Aside from a predominant role in inducing CpG hypomethylation, previous studies also showed an off-target effect by DNMT3A hotspot mutation32,41,45,46. Of note, DNMT3AR882H exhibits a DNMT3B-like enzymatic specificity, with a marked preference for guanine at the +1-flanking site45,46. Ectopic expression of DNMT3AR882H in mouse embryonic stem cells with DNMT3A/DNMT3B double KO substantially rescued DNA methylation at the target sites of DNMT3B, but not DNMT3A46. Consistent with these studies, the DNMT3A hotspot mutant-associated hyper-methylated CpGs, as defined in our array profiles (765 sites; Supplementary Fig. 8e), favor purine (guanine or G) and pyrimidine (cytosine or C) at the +1 and −1 flanking positions, respectively (Supplementary Fig. 8k), when using all 865,917 representative CpG sites as background. Meanwhile, the hotspot mutant-associated hypo-methylated CpGs (20,888 sites; Supplementary Fig. 8e) showed a preference towards pyrimidine (thymine or T) and purine (adenine or A) at the +1 and −1 flanking positions, respectively (Supplementary Fig. 8l), which is a reported feature of WT DNMT3A enzyme15,54. Again, when compared to WT, the DNMT3A hotspot mutant exhibited a decreased overall binding at those 20,888 DMCs exhibiting hypomethylation upon transduction of the hotspot mutation, and such a defect was partially rescued by the DNMT3B-converting mutation (Supplementary Fig. 8m).
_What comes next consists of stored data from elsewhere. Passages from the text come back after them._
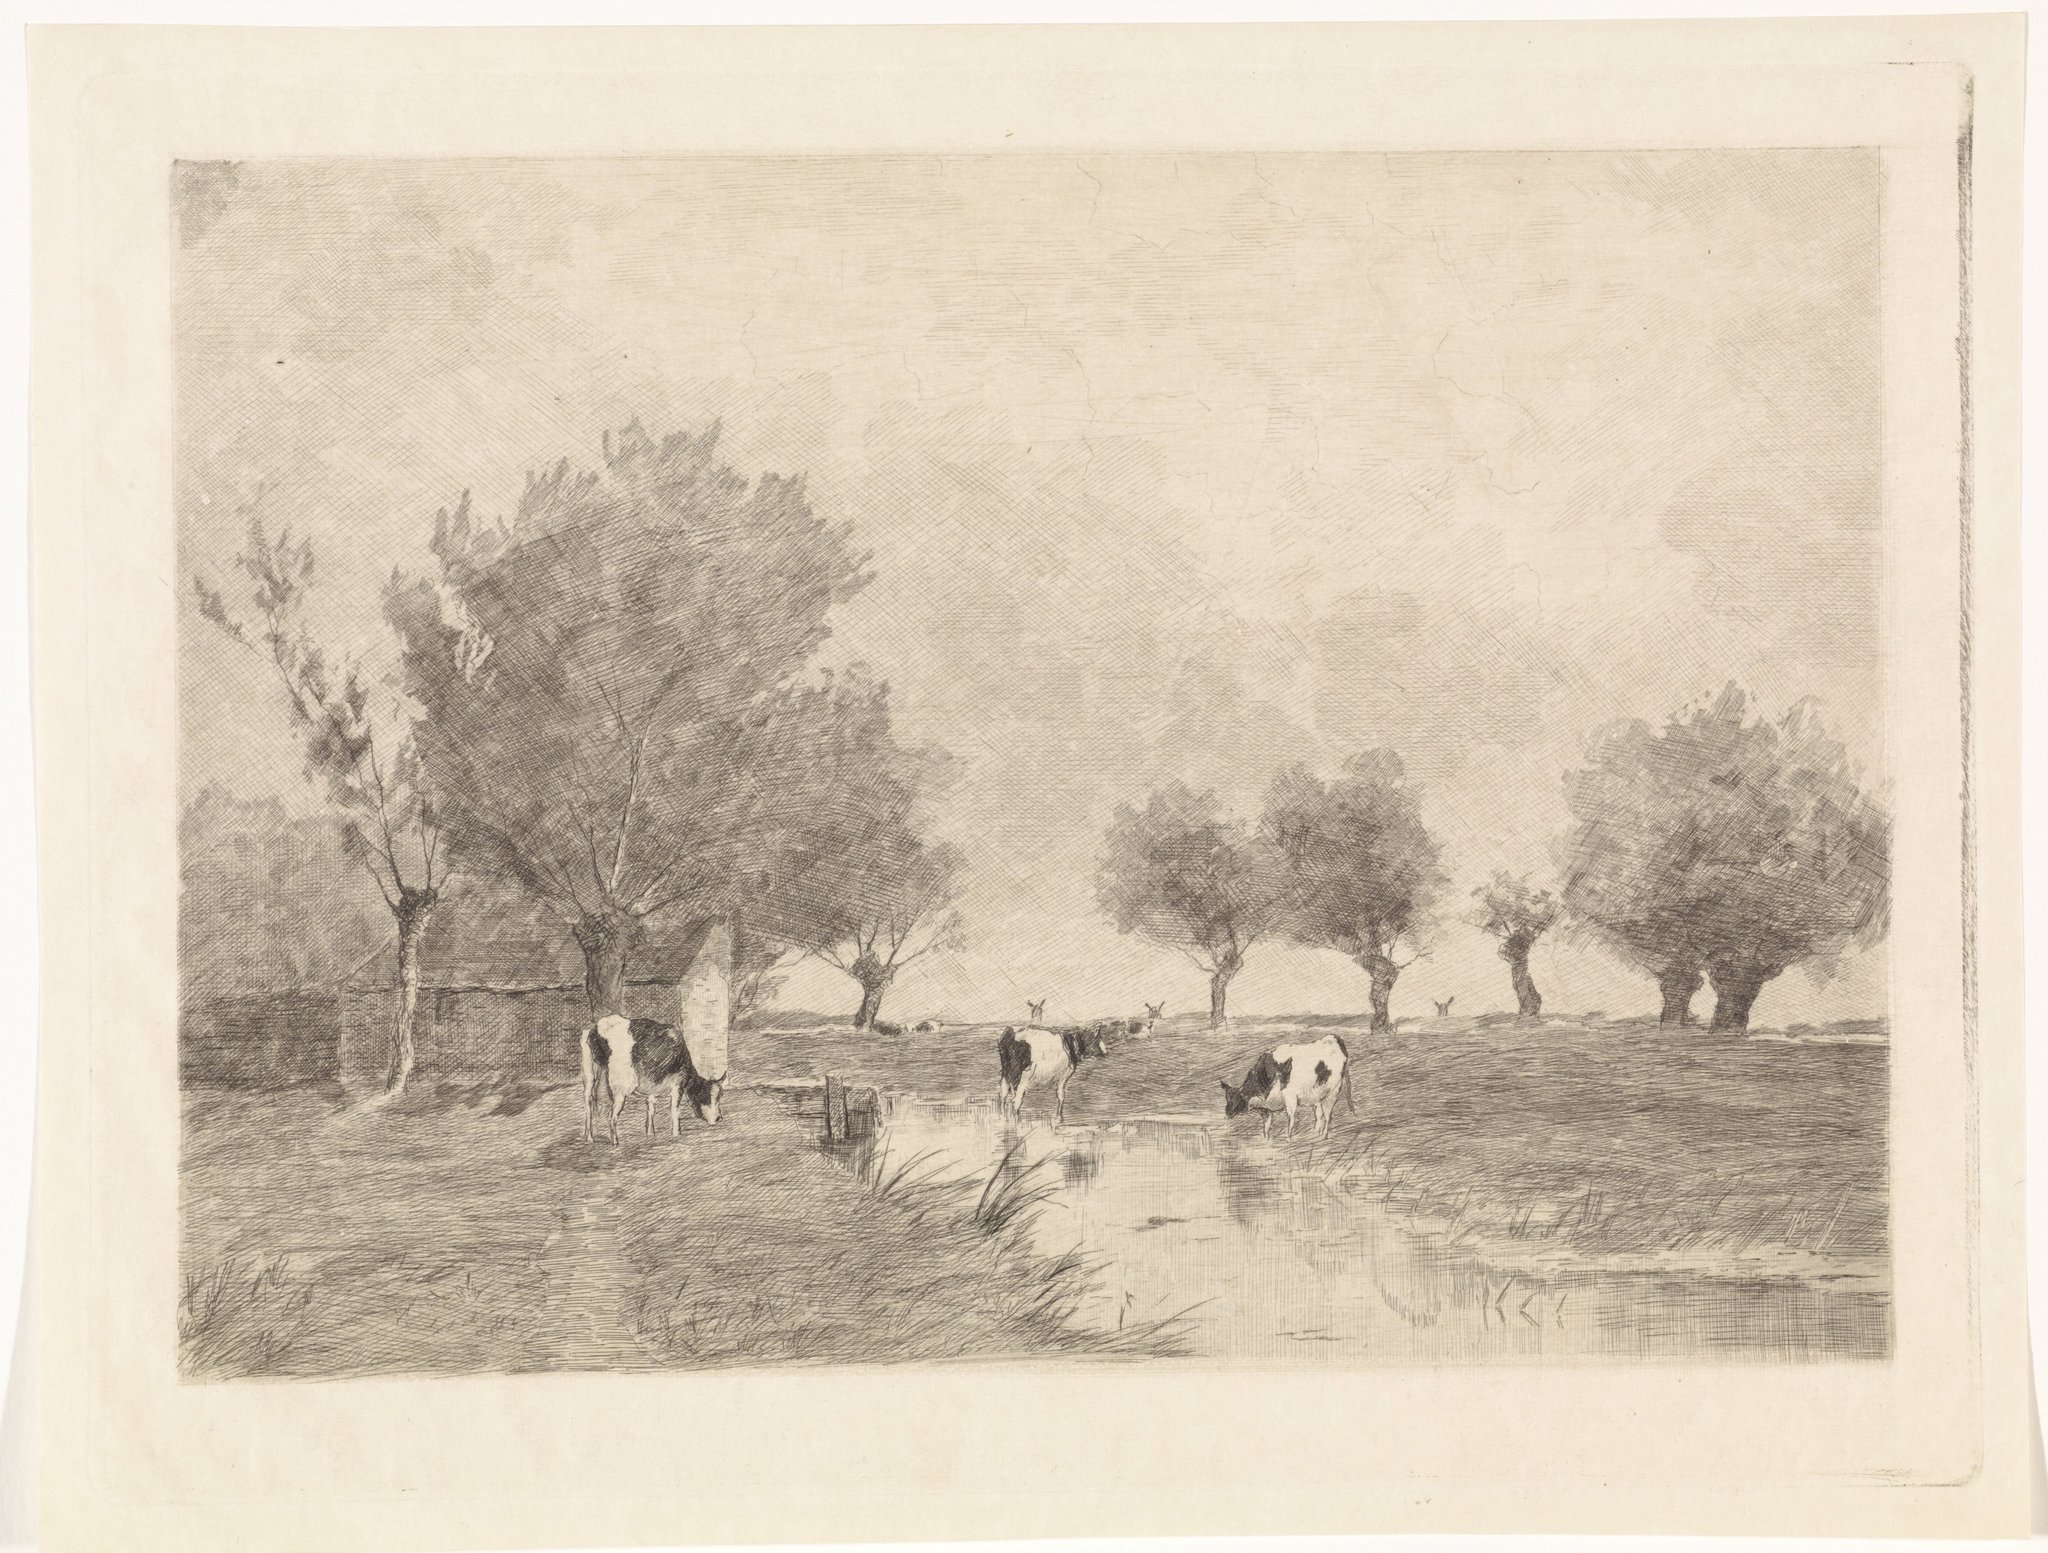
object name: print
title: Landschap met drie koeien bij een sloot
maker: elias stark
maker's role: draughtsman, print maker
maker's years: 1849-1933
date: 1859-1890
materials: paper
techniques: drypoint, etching
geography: netherlands
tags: cow, swamps and polders, trees: willow
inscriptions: collector's mark: Lugt 2228
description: Landschap met drie koeien bij een sloot. Links een huis en aan de horizon drie molens.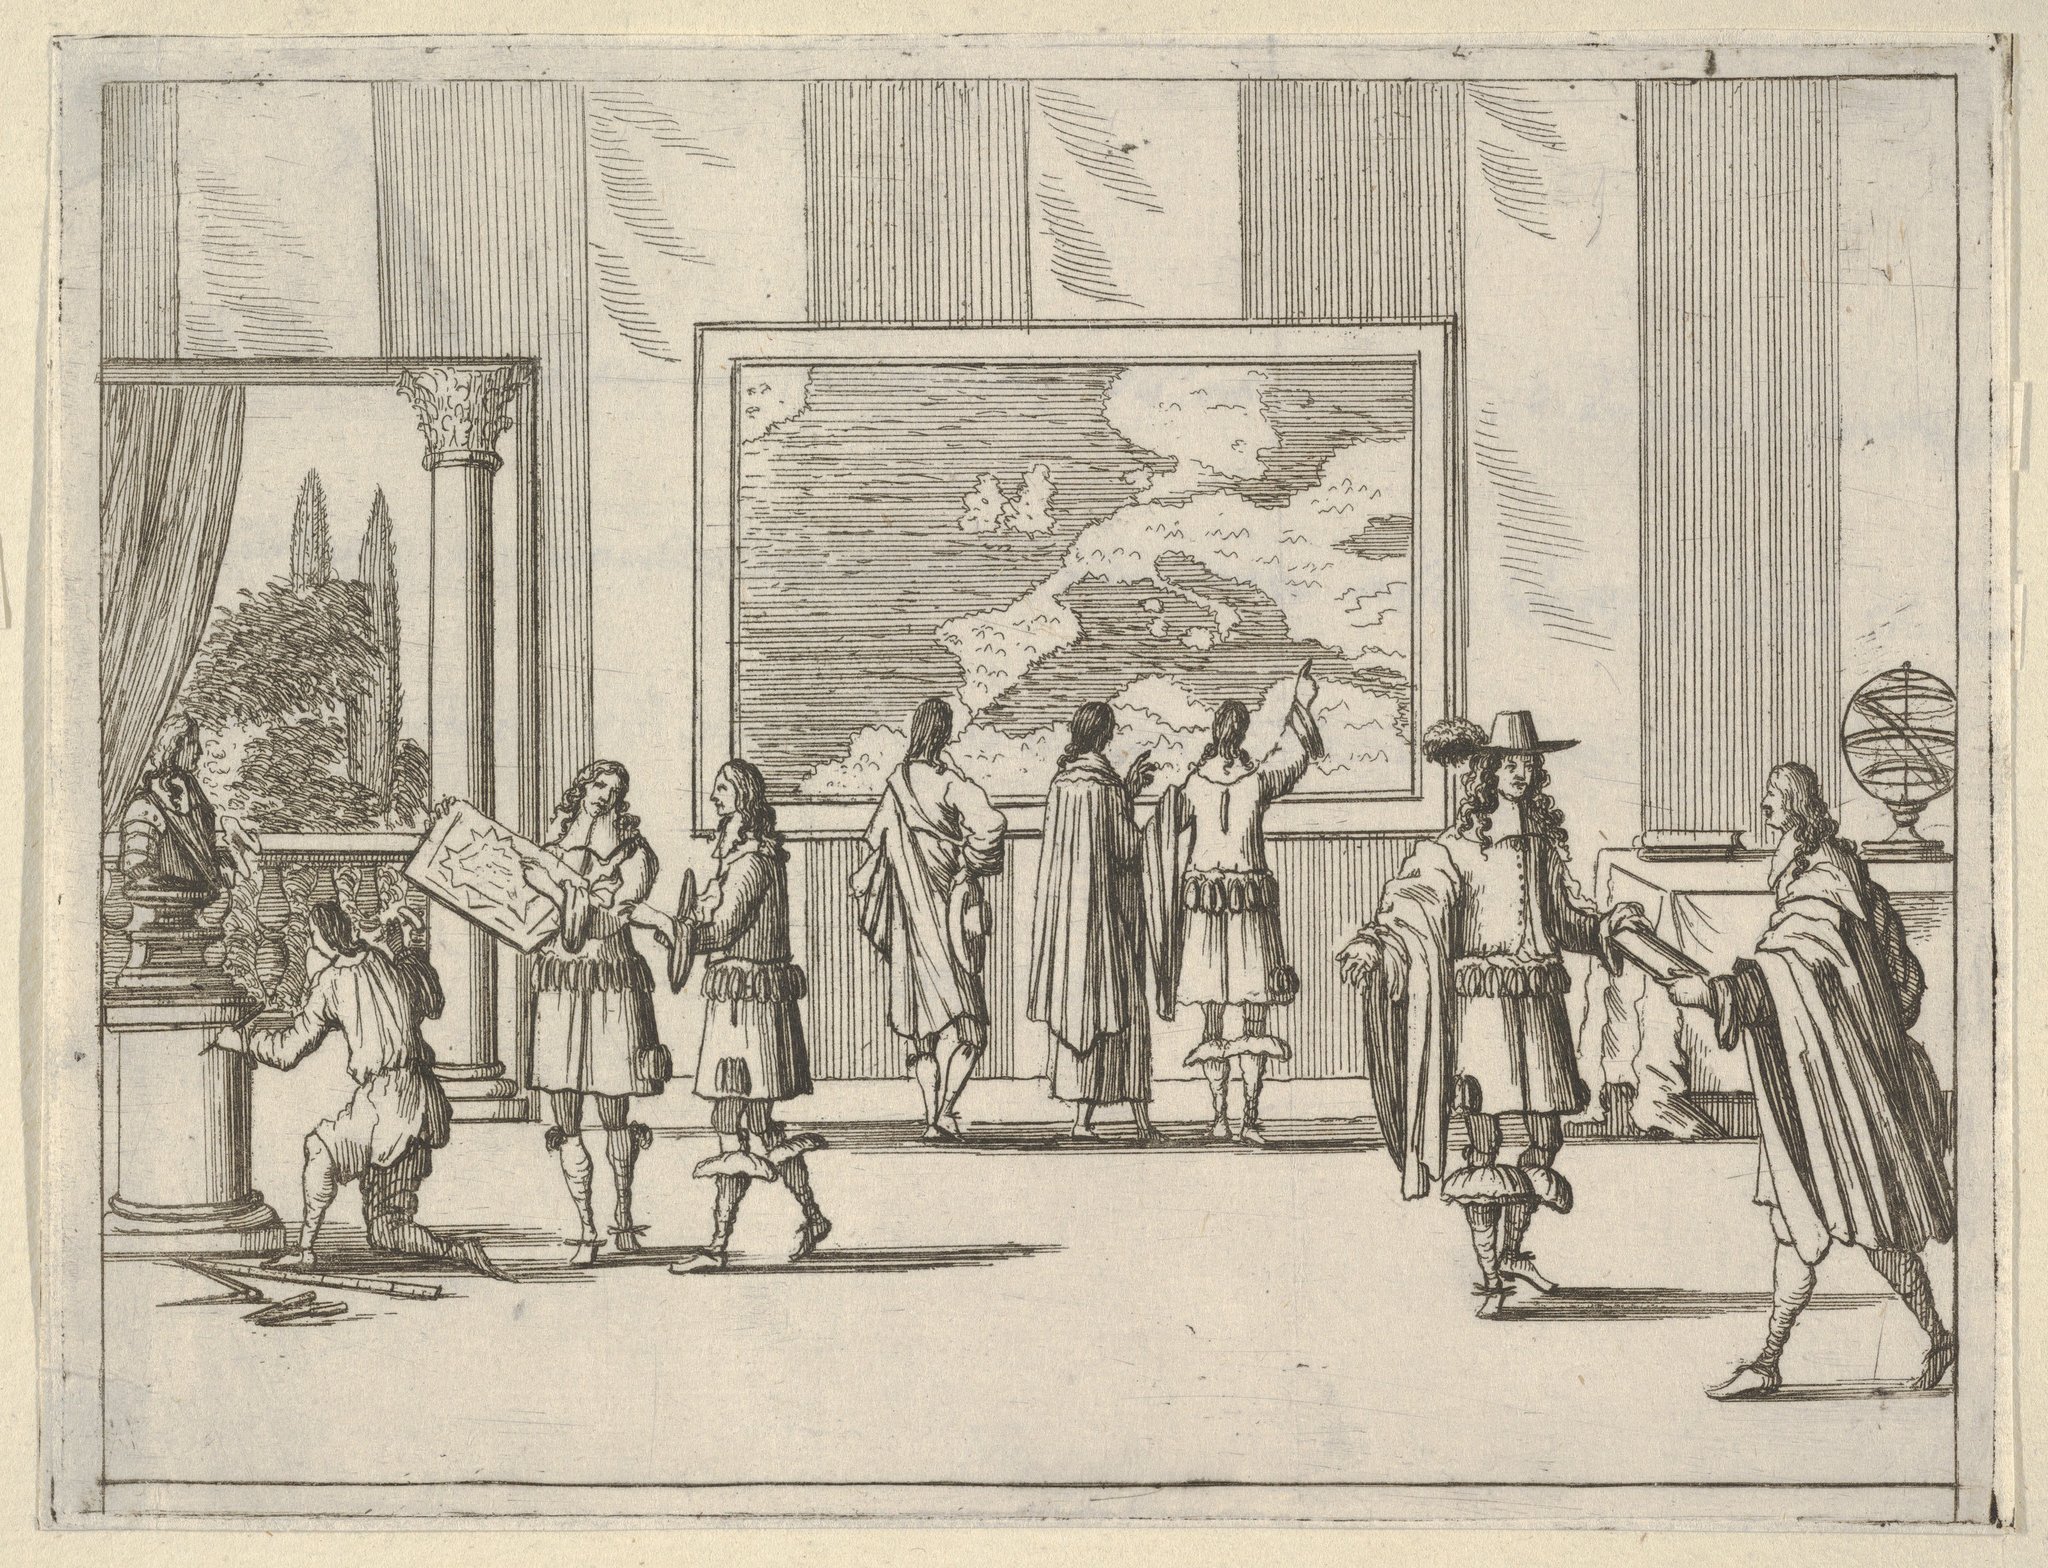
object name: print
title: Francesco I d'Este Invites Foreign Scholars to Court, from "L'Idea di un Principe ed Eroe Cristiano in Francesco I d'Este, di Modena e Reggio Duca VIII [...]"
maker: bartolomeo fenice (fénis)
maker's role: artist
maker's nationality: italian
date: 1659
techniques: etching
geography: italy
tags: men,maps

Our above data show that DNMT3A hotspot mutant exhibits a partial loss of WT DNMT3A-related activities and has an off-target effect; however, the relative contribution of the two effects to leukemogenic transformation remains unclear. As the DNMT3B-converting mutation predominantly induces re-methylation, we reasoned that such a converting mutation represents a strategy for dissecting the specific contribution of the loss-of-function effect associated with the DNMT3A hotspot mutant. Towards this end, we scored for cytokine-independent growth of TF-1 cells, which was known to be associated with the DNMT3A hotspot mutant and not WT DNMT3A39 (Fig. 6e–g; vector vs WT, R882C or R882H). Here, we found that the DNMT3B-converting mutation alone (R676K and M674T/R676K) had no effect on TF1 cells (Fig. 6e). But in the context of DNMT3A R882C or R882H transduction, introducing an additional M674T/R676K or R676K mutation had significant effect on reversing the cell growth advantage conferred by the hotspot mutant, with effect of M674T/R676K significantly stronger than that of R676K (Fig. 6f, g). Based on these observations, we conclude that enhanced oligomerization of the DNMT3A hotspot mutant underlies the mutation-induced DNA hypomethylation and cytokine-independent growth in TF-1 cells. Whereas the off-target effect does exit, attenuating the polymerization by itself is sufficient to suppress the dominant-negative effect of DNMT3A hotspot mutations.

Discussion

How dysregulation of DNA methyltransferases leads to human diseases remains a fundamental question. DNMT3A is not only essential for establishing de novo DNA methylation in germ cells and early embryogenesis, but also plays a critical role in maintaining the dynamic DNA methylation landscape in differentiated cells. How DNMT3A mutations contribute to the pathogenies of AML and other diseases is not fully understood. This study focuses on a structural understanding of DNMT3A oligomerization and how DNMT3A R882H and R882C, which are prevalent in AML and associated with poor prognosis, lead to aberrant DNMT3A oligomerization. Through a combined structural and functional analysis, our study reveals the molecular basis for the pathogenic effect of these mutations and identifies polymerization attenuation as a strategy of therapeutic intervention, with important implications in drug development against AML and other DNMT3A-associated diseases.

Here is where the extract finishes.